Photo by Rob Bartlett

Chicken broth noodle bowl with chicken, steamed vegetables and fried egg at Soupa Saiyan.

Noodle house Soupa Saiyan makes an animated argument for uninhibited slurping 

Noodle doodle

I don't profess to know a bloody thing about Dragon Ball Z – for me, anime begins and ends with Star Blazers – but I do know that for the scores of freaks and geeks who do, Soupa Saiyan has become a sort of destination shrine to the popular Japanese animation and manga franchise. However, they seem more enthralled by each other's prismatic attire and the fit-inducing cartoon (sorry, no offense) being projected on the boob tube than they are by the nourishing noodly eats inside the restaurant's oversized bowls. As we entered, our garments, pedestrian in their dull solid colors, seemed to mock the other patrons' very raison d'etre, and the furtive glances shot our way seemed to marvel that we smug realists deigned to enter their fantastical realm.

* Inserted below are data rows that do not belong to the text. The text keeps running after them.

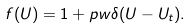Convert formula to latex. <formula><loc_0><loc_0><loc_500><loc_500>f ( U ) = 1 + p w \delta ( U - U _ { t } ) .</formula> 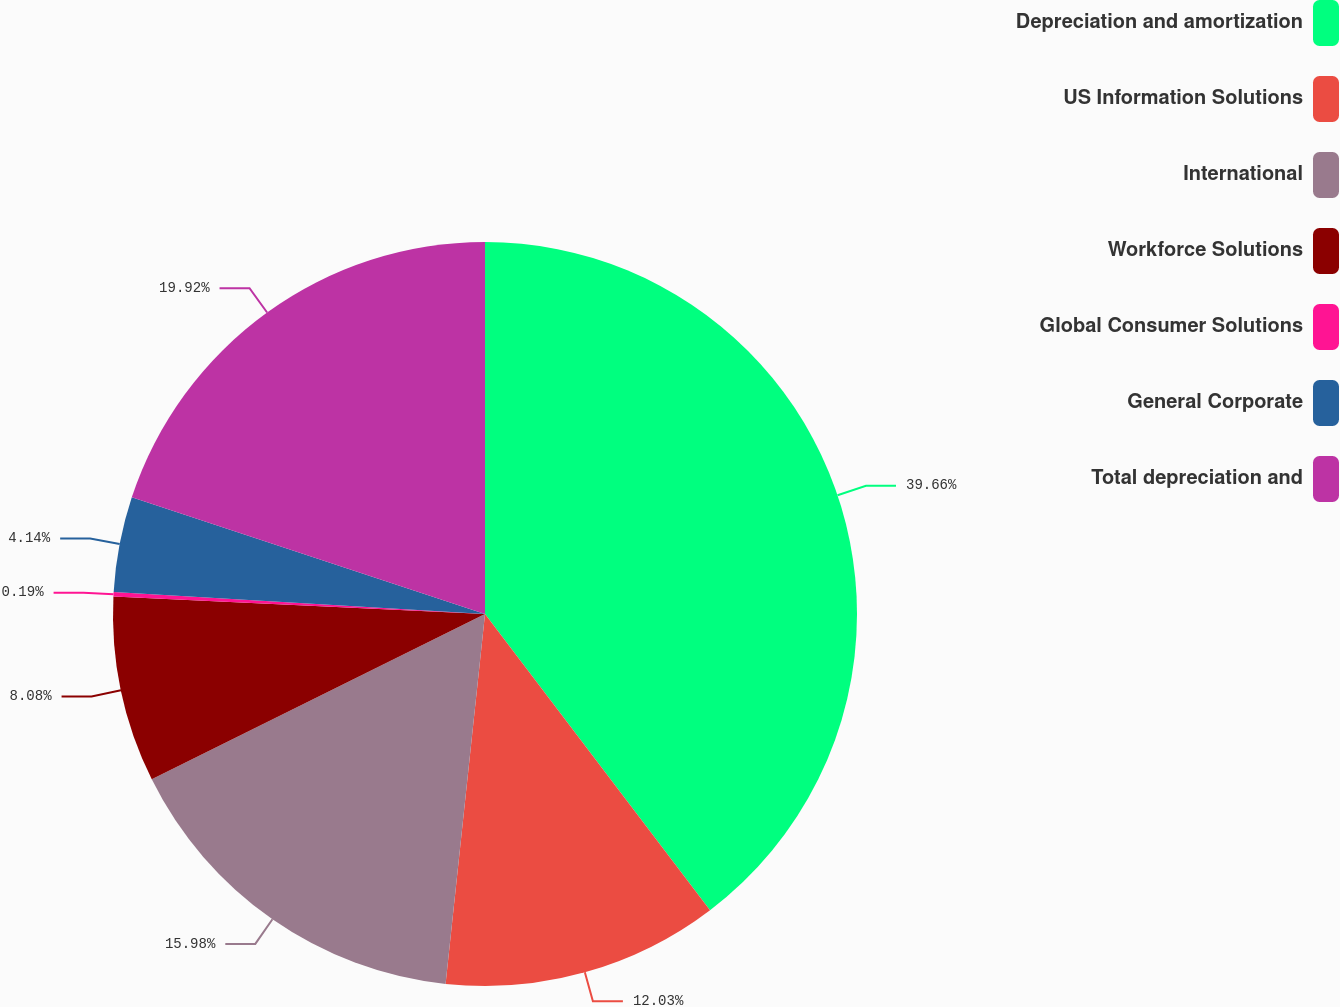<chart> <loc_0><loc_0><loc_500><loc_500><pie_chart><fcel>Depreciation and amortization<fcel>US Information Solutions<fcel>International<fcel>Workforce Solutions<fcel>Global Consumer Solutions<fcel>General Corporate<fcel>Total depreciation and<nl><fcel>39.66%<fcel>12.03%<fcel>15.98%<fcel>8.08%<fcel>0.19%<fcel>4.14%<fcel>19.92%<nl></chart> 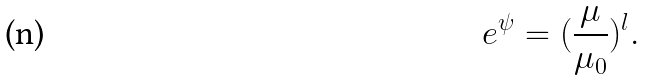<formula> <loc_0><loc_0><loc_500><loc_500>e ^ { \psi } = ( { \frac { \mu } { { \mu _ { 0 } } } } ) ^ { l } .</formula> 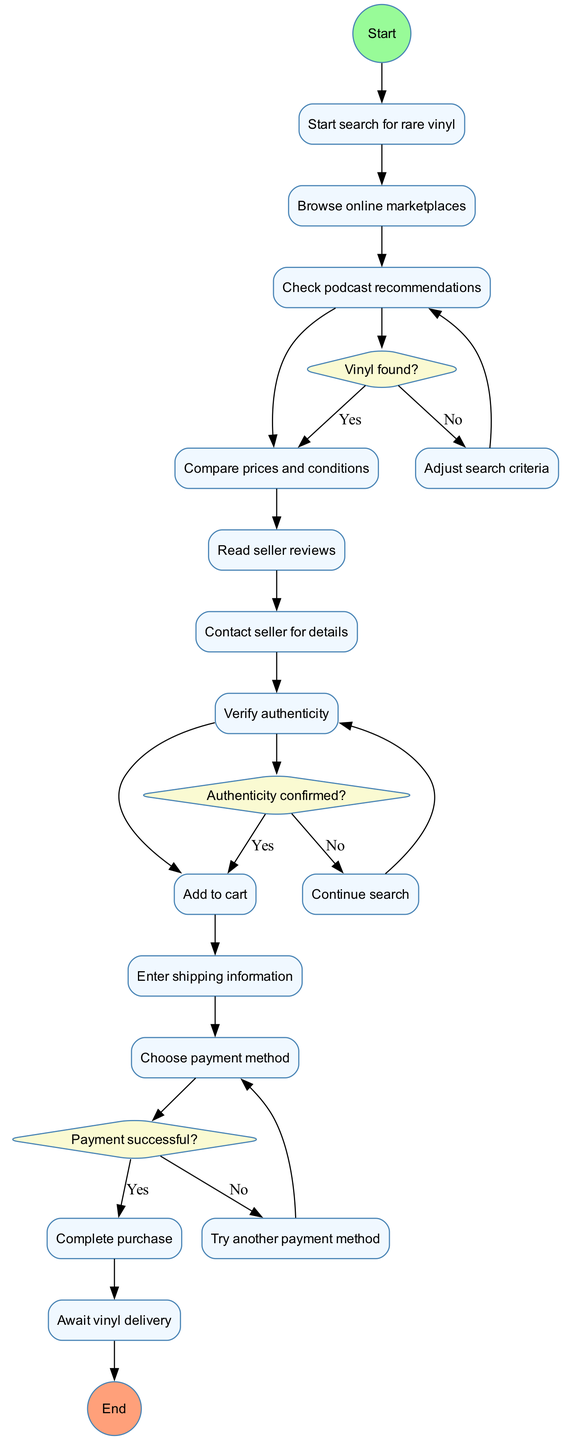What is the initial activity in the diagram? The diagram starts with the "Start search for rare vinyl" node, which leads directly to the first activity.
Answer: Start search for rare vinyl How many activities are listed in the diagram? Counting all the activities provided, there are 9 activities listed in total in the diagram.
Answer: 9 What happens if the vinyl is not found? If the vinyl is not found, the flow leads to "Adjust search criteria" as per the decision node labeled "Vinyl found?".
Answer: Adjust search criteria What is the final step in the purchasing process? The final step in the process is shown in the last node before the end which indicates that the user is waiting for the delivery of the vinyl.
Answer: Await vinyl delivery What decision leads to "Add to cart"? The decision leading to "Add to cart" occurs if the seller's authenticity is confirmed as indicated by the decision node "Authenticity confirmed?"
Answer: Authenticity confirmed What is the relationship between "Enter shipping information" and "Complete purchase"? "Enter shipping information" must occur before "Complete purchase" as indicated by the sequential flow in the diagram that connects these activities.
Answer: Sequential flow How many decision nodes are in the diagram? There are 3 decision nodes included in the diagram that represent points where a yes or no decision must be made.
Answer: 3 What activity follows after "Contact seller for details"? After "Contact seller for details," the flow moves to "Verify authenticity," making it the activity that directly follows.
Answer: Verify authenticity What is the question at the second decision node? The second decision node's question is "Authenticity confirmed?" which checks the authenticity of the vinyl record.
Answer: Authenticity confirmed? 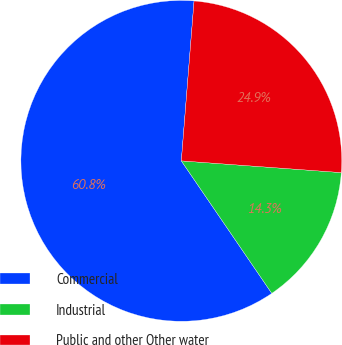Convert chart to OTSL. <chart><loc_0><loc_0><loc_500><loc_500><pie_chart><fcel>Commercial<fcel>Industrial<fcel>Public and other Other water<nl><fcel>60.8%<fcel>14.3%<fcel>24.9%<nl></chart>

Yes, we stuck out like a couple of Smurfs at a Klan rally, and, for a nanosecond, we considered heading to Border Grill (a few doors down) for tacos. But, to use a phrase familiar to Dragonballerz, we sensed and gathered ki upon inhaling a sudden sublime scent wafting in from the open kitchen. It resuscitated us and then, like Namekians of the Dragon Clan, we wielded our Magic Materialization abilities to create an empty table out of thin air. In this small and perpetually packed restaurant, the feat made a significant impression on our fellow diners.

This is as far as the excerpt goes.